Call for UNH and Yale Law to Break Ties with Saudis
by Stanley Heller, Middle East Crisis Committee (MECC)
[As the PAR print edition goes to print, Newsweek has picked up this story of the universities’ collusion with the Saudi government. By the time you read this in PAR, we expect more investigation will have been done and publicized on an international scale. Congratulations, Stan Heller, for exposing this local world-wide connection!]
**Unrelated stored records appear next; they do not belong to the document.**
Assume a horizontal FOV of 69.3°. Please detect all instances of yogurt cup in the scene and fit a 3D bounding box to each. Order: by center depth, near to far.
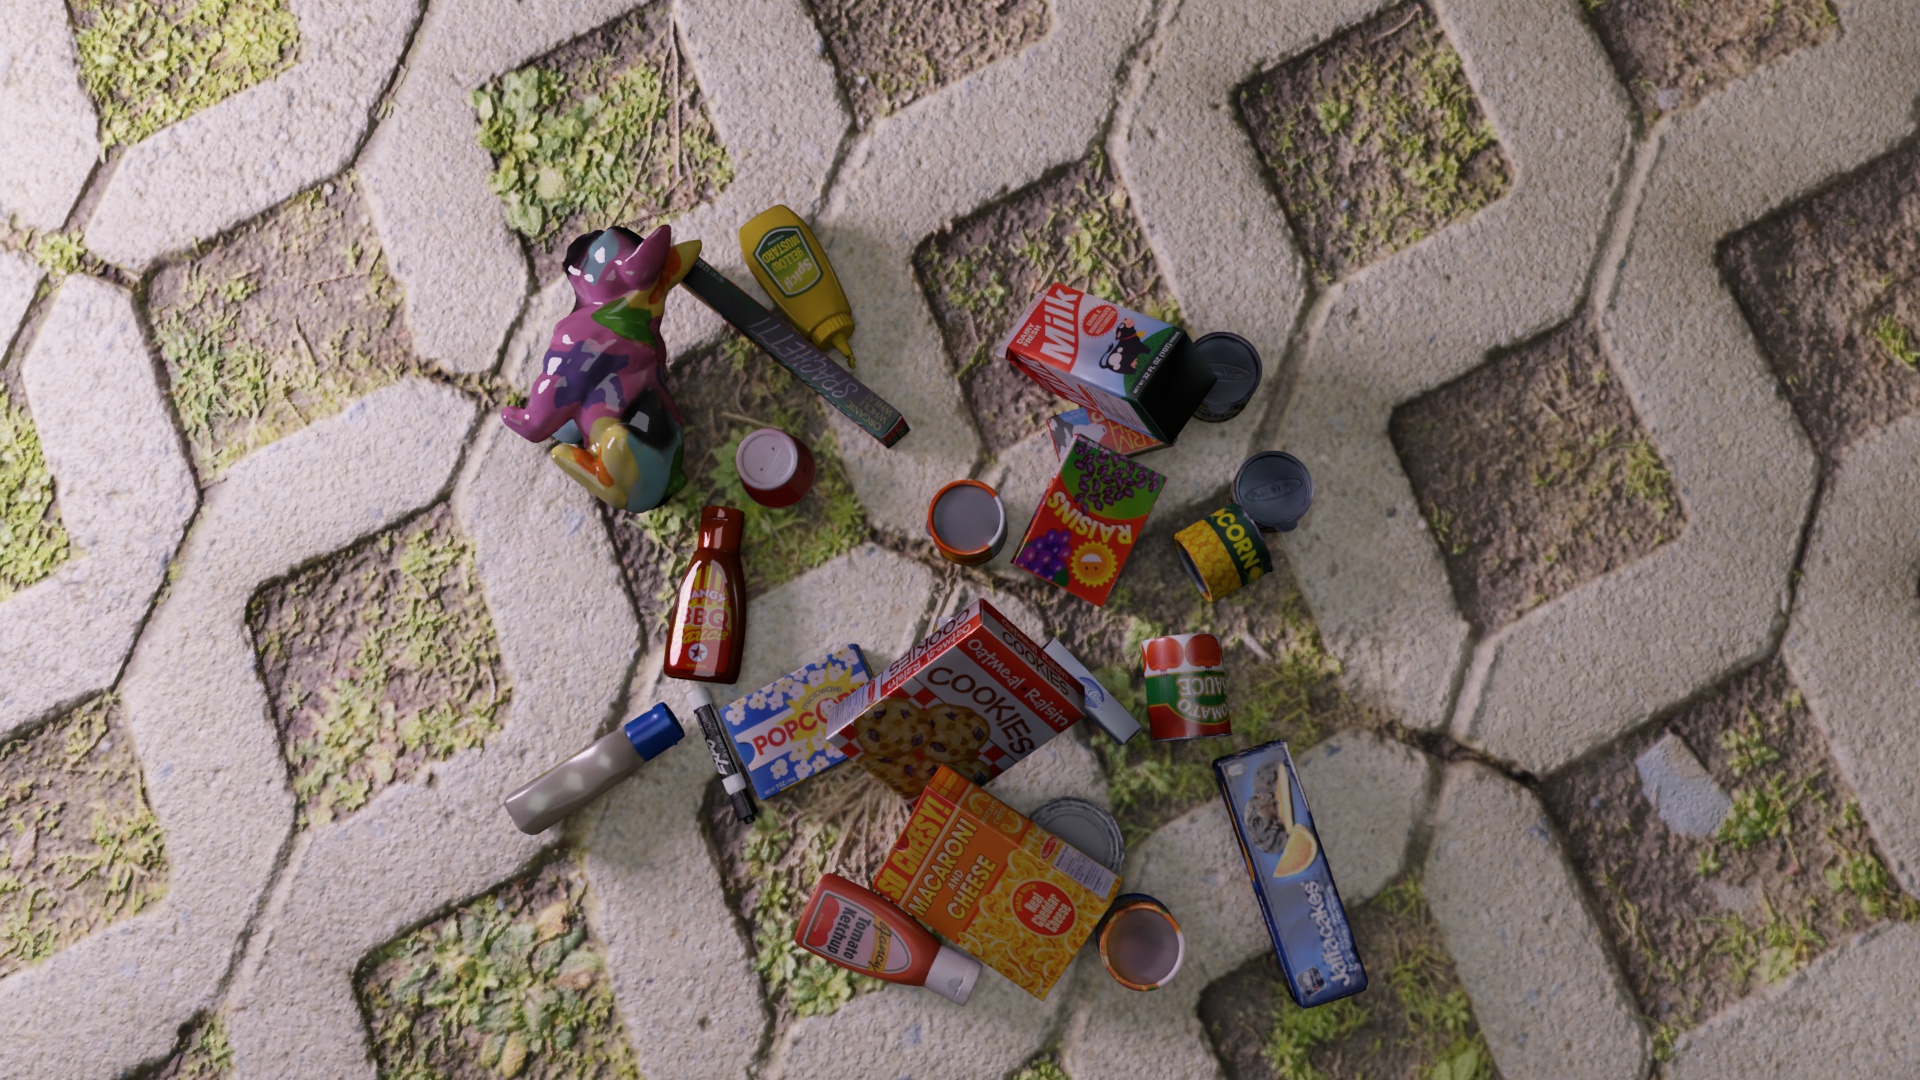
[{"bbox_3d":[-0.161,-0.065,1.195,0.072,0.054,0.072,0,81,3],"label":"yogurt cup"}]

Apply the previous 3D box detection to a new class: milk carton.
[{"bbox_3d":[0.112,-0.156,1.165,0.191,0.073,0.072,29,81,41],"label":"milk carton"}]

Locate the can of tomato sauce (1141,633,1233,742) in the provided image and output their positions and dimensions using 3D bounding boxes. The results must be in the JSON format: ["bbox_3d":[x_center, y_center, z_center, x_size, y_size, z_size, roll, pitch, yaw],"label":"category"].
[{"bbox_3d":[0.186,0.121,1.136,0.071,0.071,0.083,-5,80,2],"label":"can of tomato sauce"}]

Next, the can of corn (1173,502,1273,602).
[{"bbox_3d":[0.218,0.010,1.153,0.058,0.071,0.071,-28,80,-1],"label":"can of corn"}]

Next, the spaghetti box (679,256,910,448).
[{"bbox_3d":[-0.150,-0.168,1.214,0.250,0.050,0.029,38,86,8],"label":"spaghetti box"}]

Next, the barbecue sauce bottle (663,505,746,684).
[{"bbox_3d":[-0.212,0.046,1.183,0.065,0.043,0.148,6,80,5],"label":"barbecue sauce bottle"}]

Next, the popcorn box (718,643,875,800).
[{"bbox_3d":[-0.125,0.151,1.163,0.127,0.038,0.085,-27,81,-2],"label":"popcorn box"}]

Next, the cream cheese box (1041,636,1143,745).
[{"bbox_3d":[0.105,0.126,1.148,0.024,0.053,0.104,-44,81,-6],"label":"cream cheese box"}]

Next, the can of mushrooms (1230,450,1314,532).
[{"bbox_3d":[0.264,-0.038,1.179,0.071,0.033,0.071,0,80,2],"label":"can of mushrooms"}]

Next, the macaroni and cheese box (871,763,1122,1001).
[{"bbox_3d":[0.026,0.271,1.100,0.166,0.040,0.123,31,120,8],"label":"macaroni and cheese box"}]

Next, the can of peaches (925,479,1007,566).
[{"bbox_3d":[0.004,-0.015,1.175,0.071,0.058,0.071,0,81,2],"label":"can of peaches"}]

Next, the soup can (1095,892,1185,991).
[{"bbox_3d":[0.139,0.315,1.097,0.071,0.083,0.071,-1,80,4],"label":"soup can"}]

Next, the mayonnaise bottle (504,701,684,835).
[{"bbox_3d":[-0.302,0.189,1.155,0.148,0.064,0.041,-33,83,-7],"label":"mayonnaise bottle"}]

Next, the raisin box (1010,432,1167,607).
[{"bbox_3d":[0.107,-0.017,1.166,0.086,0.040,0.123,26,91,-2],"label":"raisin box"}]

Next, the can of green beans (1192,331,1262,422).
[{"bbox_3d":[0.220,-0.138,1.186,0.071,0.057,0.071,0,80,3],"label":"can of green beans"}]

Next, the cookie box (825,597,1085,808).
[{"bbox_3d":[-0.003,0.135,1.098,0.167,0.040,0.122,-38,116,21],"label":"cookie box"}]

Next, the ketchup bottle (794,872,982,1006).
[{"bbox_3d":[-0.056,0.328,1.125,0.149,0.043,0.064,24,94,6],"label":"ketchup bottle"}]

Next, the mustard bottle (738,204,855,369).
[{"bbox_3d":[-0.133,-0.219,1.223,0.065,0.048,0.160,-34,80,-1],"label":"mustard bottle"}]

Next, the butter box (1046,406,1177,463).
[{"bbox_3d":[0.131,-0.094,1.200,0.103,0.024,0.053,-17,80,0],"label":"butter box"}]

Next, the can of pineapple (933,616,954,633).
[{"bbox_3d":[0.007,0.098,1.153,0.071,0.071,0.058,10,81,5],"label":"can of pineapple"}]

Ever more gruesome details emerge daily of the likely torture-murder of journalist Jamal Khashoggi on orders of the highest officials of the Saudi government. The Middle East Crisis Committee (MECC) has for years advised Connecticut institutions with relationships with Saudi Arabia to break ties with the cruel regime. In view of the Khashoggi murder, we call on the University of New Haven, which has helped create a security studies program at the police college of Saudi Arabia and is apparently teaching forensic skills there, to immediately suspend all cooperation with King Fahd Security College. It should publicly explain what it is doing in its secretive program in the kingdom.
We have asked how they can justify doing work with a police college in a country with an absolute monarchy and a justice system known for prosecuting activists calling for democratic rights and full equality for women, one where suspects are tortured. We’ve been met only with silence. We’ve also called on University of New Haven administrators to explain if any of the skills they are teaching in Saudi Arabia are being used by the Saudi military which is engaged in a brutal illegal war in Yemen.
The Middle East Crisis Committee also calls on Owen Fiss and Anthony Kronman, directors of the Abdullah S. Kamel Center for the Study of Islamic Law at Yale Law School, to speak out. This murder of Khashoggi is an outrageous violation of any legal precept and demands condemnation. It would be extremely beneficial if the Kamel Center hosted an emergency public conference of Islamic law scholars to examine the woeful state of the Saudi system of justice in a country that claims to strictly follow Islamic law.
The center was funded by Abdullah Kamel’s son Saleh Kamel. Abdullah Kamel was detained by Prince Mohammed Bin Salman last fall on charges of corruption. Reportedly $4 billion, most of Kamel’s money, has been forfeited without any due process. Forbes magazine, which had estimated Kamel’s fortune at $2.6 billion, has removed him from its list of billionaires.